For example, assuming that the sending end component writes a message 1, a message 2 and a message 3 into each area port through the sending port, if the message acquisition request sent by the receiving end component 1 is a request for acquiring the message 2, the mapping component may respond to the message acquisition request to extract the message 2 from the area port 1 and transmit the message 2 to the receiving end component 1; if the message acquisition request sent by the receiving end component 3 is a request for acquiring the message 1, the mapping component may extract the message 1 from the area port 3 and transmit the message 1 to the receiving end component 3 in response to the message acquisition request.

Optionally, the method may further include:

step 209, when there is no free target area port in the target broadcast zone, returning error reporting information to the receiving end component.

In the embodiment of the present application, when the mapping component allocates the zone port in the target broadcast zone for the receiving end component, if no idle target zone port exists currently, the mapping component returns an error message to the receiving end component so as to inform that the receiving end component cannot communicate with the receiving end component currently. And enabling the receiving end component to carry out port allocation when the receiving end component waits for the idle target area port to appear in the target broadcast zone subsequently.
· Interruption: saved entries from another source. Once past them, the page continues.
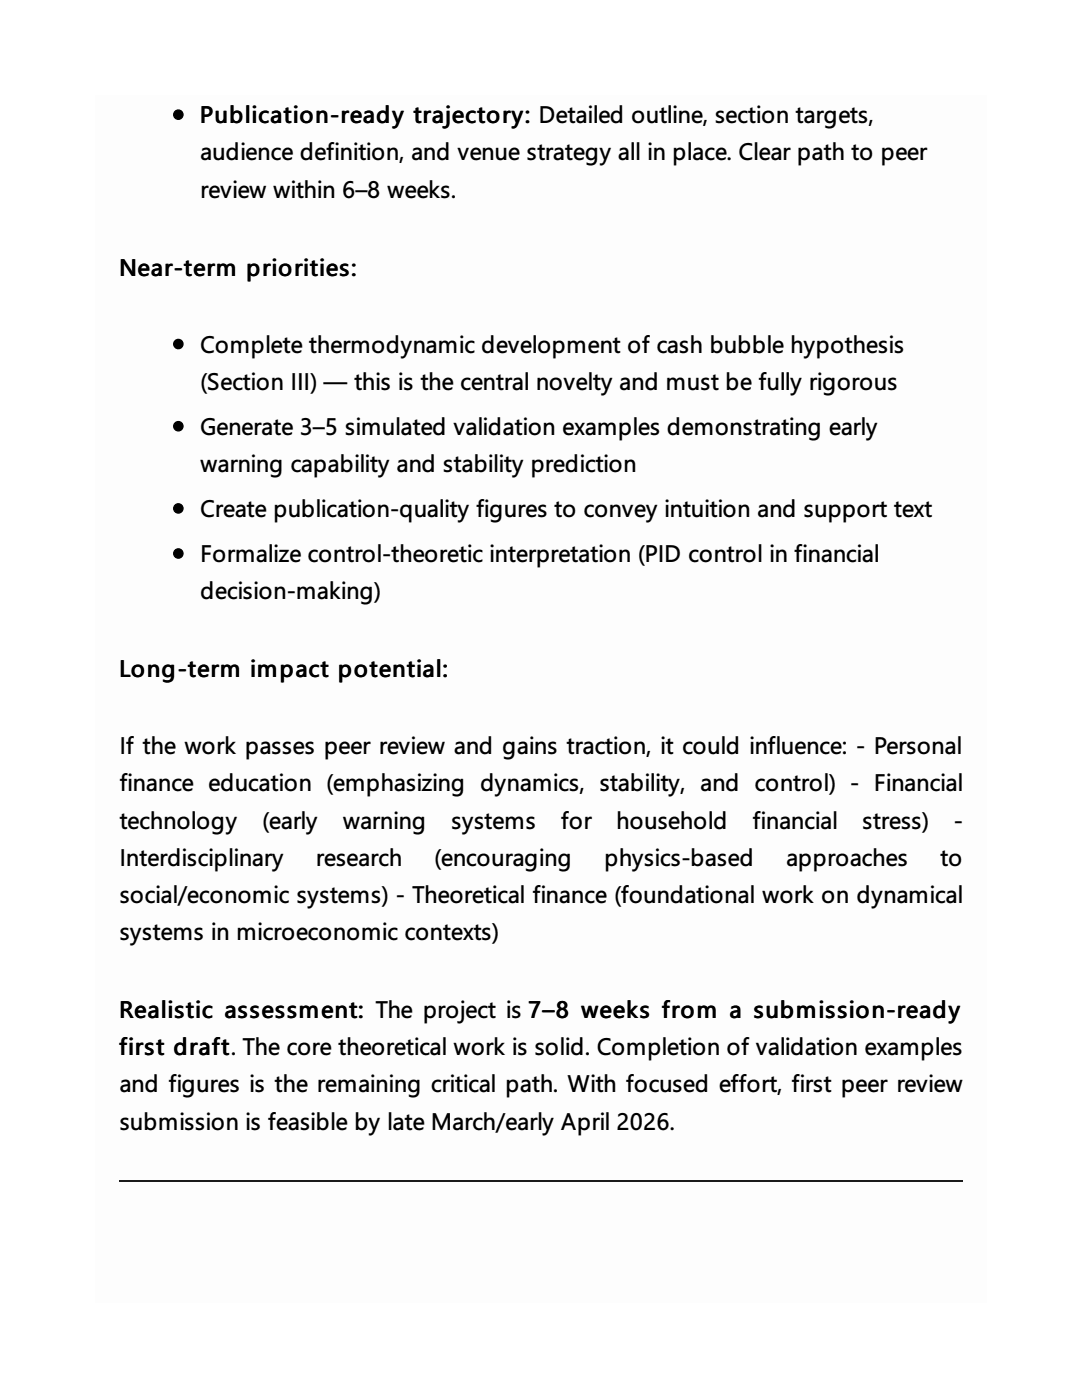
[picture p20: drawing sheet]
<svg xmlns="http://www.w3.org/2000/svg" width="216mm" height="279mm" viewBox="0 0 216 279" stroke-linecap="round" stroke-linejoin="round" font-family="sans-serif">
<defs><g id="words">
<g font-size="4.8">
<text x="39.8" y="24.6">Publication-ready trajectory: Detailed outline, section targets,</text>
<text x="40" y="32">audience definition, and venue strategy all in place. Clear path to peer</text>
<text x="40" y="39.4">review within 6–8 weeks.</text>
<text x="23.7" y="55">Near-term priorities:</text>
<text x="40" y="70.4">Complete thermodynamic development of cash bubble hypothesis</text>
<text x="40" y="77.8">(Section III) — this is the central novelty and must be fully rigorous</text>
<text x="40" y="86.8">Generate 3–5 simulated validation examples demonstrating early</text>
<text x="40" y="94.2">warning capability and stability prediction</text>
<text x="40" y="103.2">Create publication-quality figures to convey intuition and support text</text>
<text x="40" y="112.2">Formalize control-theoretic interpretation (PID control in financial</text>
<text x="40" y="119.6">decision-making)</text>
<text x="23.7" y="135.2">Long-term impact potential:</text>
<text x="23.8" y="150.5">If the work passes peer review and gains traction, it could influence: - Personal</text>
<text x="23.8" y="158">finance education (emphasizing dynamics, stability, and control) - Financial</text>
<text x="23.8" y="165.4">technology</text>
<text x="52.3" y="165.4">(early</text>
<text x="68.4" y="165.4">warning</text>
<text x="90" y="165.4">systems</text>
<text x="111.9" y="165.4">for</text>
<text x="123" y="165.4">household</text>
<text x="150.2" y="165.4">financial</text>
<text x="172" y="165.4">stress)</text>
<text x="190.2" y="165.4">-</text>
<text x="23.8" y="172.8">Interdisciplinary</text>
<text x="63" y="172.8">research</text>
<text x="86.6" y="172.8">(encouraging</text>
<text x="120.5" y="172.8">physics-based</text>
<text x="156.8" y="172.8">approaches</text>
<text x="187.6" y="172.8">to</text>
<text x="23.8" y="180.2">social/economic systems) - Theoretical finance (foundational work on dynamical</text>
<text x="23.8" y="187.6">systems in microeconomic contexts)</text>
<text x="23.7" y="203.2">Realistic assessment: The project is 7–8 weeks from a submission-ready</text>
<text x="23.7" y="210.6">first draft. The core theoretical work is solid. Completion of validation examples</text>
<text x="23.8" y="218">and figures is the remaining critical path. With focused effort, first peer review</text>
<text x="23.8" y="225.4">submission is feasible by late March/early April 2026.</text>
</g>
</g></defs>
<path d="M19 19h177.8v241.1h-177.8z" fill="#fdfdfd"/>
<path d="M23.8 235.6h168.3" fill="none" stroke="#1a1a1a" stroke-width=".26"/>
<g fill="#000" stroke="#000" stroke-width=".26">
<circle cx="35.6" cy="22.9" r=".93"/>
<circle cx="35.6" cy="68.7" r=".93"/>
<circle cx="35.6" cy="85.1" r=".93"/>
<circle cx="35.6" cy="101.5" r=".93"/>
<circle cx="35.6" cy="110.5" r=".93"/>
</g>
<use href="#words"/>
</svg>

In summary, in the embodiment of the present application, a corresponding broadcast zone may be allocated to a sender component participating in registration based on a mapping area for global use, and a correspondence between the broadcast zone and an identifier of the sender component is recorded, when a subsequent receiver component registers, a target broadcast zone corresponding to an access identifier may be determined according to the access identifier and the correspondence transmitted by the receiver component, and the receiver component and the target broadcast zone are bound, so that the target broadcast zone may respond to a request for obtaining a message from the receiver component, and obtain a broadcast message from the target broadcast zone and transmit the broadcast message to the receiver component.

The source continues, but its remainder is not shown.